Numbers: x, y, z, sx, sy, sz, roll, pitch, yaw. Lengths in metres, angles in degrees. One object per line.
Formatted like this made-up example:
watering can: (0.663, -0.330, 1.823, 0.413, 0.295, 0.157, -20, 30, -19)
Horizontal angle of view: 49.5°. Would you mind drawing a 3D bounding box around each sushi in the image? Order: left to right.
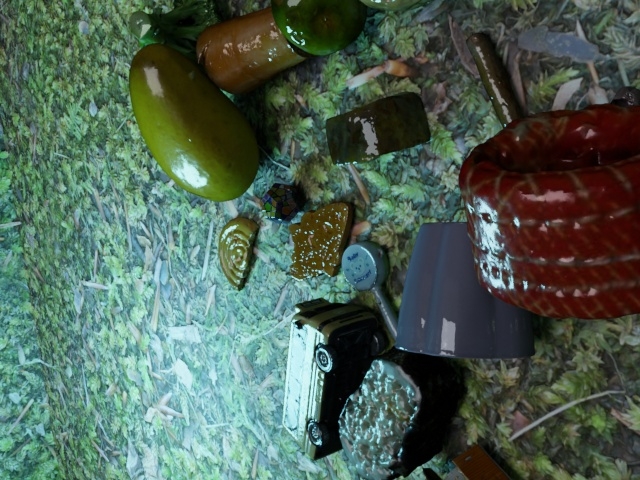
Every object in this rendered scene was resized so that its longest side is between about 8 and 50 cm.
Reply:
sushi: (0.176, 0.373, 1.515, 0.211, 0.171, 0.349, 40, 126, 37)

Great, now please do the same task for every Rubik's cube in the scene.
Rubik's cube: (-0.097, -0.092, 1.736, 0.111, 0.111, 0.093, 2, 73, 46)

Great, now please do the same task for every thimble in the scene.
thimble: (0.397, -0.053, 1.054, 0.350, 0.350, 0.230, 9, 123, 45)

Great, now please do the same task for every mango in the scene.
mango: (-0.321, -0.286, 1.728, 0.302, 0.220, 0.445, 13, 146, 39)

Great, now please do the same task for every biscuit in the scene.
biscuit: (-0.242, 0.023, 1.959, 0.144, 0.033, 0.224, 41, 126, 31)
biscuit: (0.000, 0.000, 1.697, 0.183, 0.043, 0.280, 52, 127, 19)

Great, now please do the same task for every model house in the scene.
model house: (0.327, 0.509, 1.441, 0.136, 0.207, 0.219, -45, 53, 4)

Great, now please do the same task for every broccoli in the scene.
broccoli: (-0.363, -0.528, 1.782, 0.254, 0.269, 0.268, 2, 101, 33)

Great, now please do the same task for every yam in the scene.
yam: (0.334, -0.267, 1.280, 0.046, 0.046, 0.263, -30, 79, 46)

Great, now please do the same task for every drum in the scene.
drum: (0.119, 0.124, 1.598, 0.130, 0.049, 0.253, -16, 88, 46)

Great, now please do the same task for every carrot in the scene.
carrot: (-0.142, -0.469, 1.629, 0.254, 0.196, 0.195, -16, 88, 42)

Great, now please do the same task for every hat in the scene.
hat: (0.499, -0.216, 1.134, 0.058, 0.042, 0.087, 29, 154, 32)

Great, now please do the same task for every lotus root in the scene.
lotus root: (0.105, -0.231, 1.478, 0.235, 0.138, 0.118, -10, 102, 41)

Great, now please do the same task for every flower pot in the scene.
flower pot: (0.272, 0.087, 1.308, 0.265, 0.265, 0.242, -3, 85, 46)

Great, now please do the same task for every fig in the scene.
fig: (-0.006, -0.534, 1.493, 0.274, 0.206, 0.206, -97, 30, -46)

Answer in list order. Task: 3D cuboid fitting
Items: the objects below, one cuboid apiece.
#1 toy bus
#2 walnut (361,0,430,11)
toy bus: (0.016, 0.323, 1.665, 0.202, 0.177, 0.365, 30, 121, 45)
walnut: (0.150, -0.529, 1.304, 0.245, 0.198, 0.198, 15, 111, 42)
################
* [TRY IT]:
All lines from the line containing "Great, now please do the same task for every flower" through the last line of the data are to be repeated exactly; no other line belongs in the answer.

* [TASK ANSWER]:
Great, now please do the same task for every flower pot in the scene.
flower pot: (0.272, 0.087, 1.308, 0.265, 0.265, 0.242, -3, 85, 46)

Great, now please do the same task for every fig in the scene.
fig: (-0.006, -0.534, 1.493, 0.274, 0.206, 0.206, -97, 30, -46)

Answer in list order. Task: 3D cuboid fitting
Items: the objects below, one cuboid apiece.
#1 toy bus
#2 walnut (361,0,430,11)
toy bus: (0.016, 0.323, 1.665, 0.202, 0.177, 0.365, 30, 121, 45)
walnut: (0.150, -0.529, 1.304, 0.245, 0.198, 0.198, 15, 111, 42)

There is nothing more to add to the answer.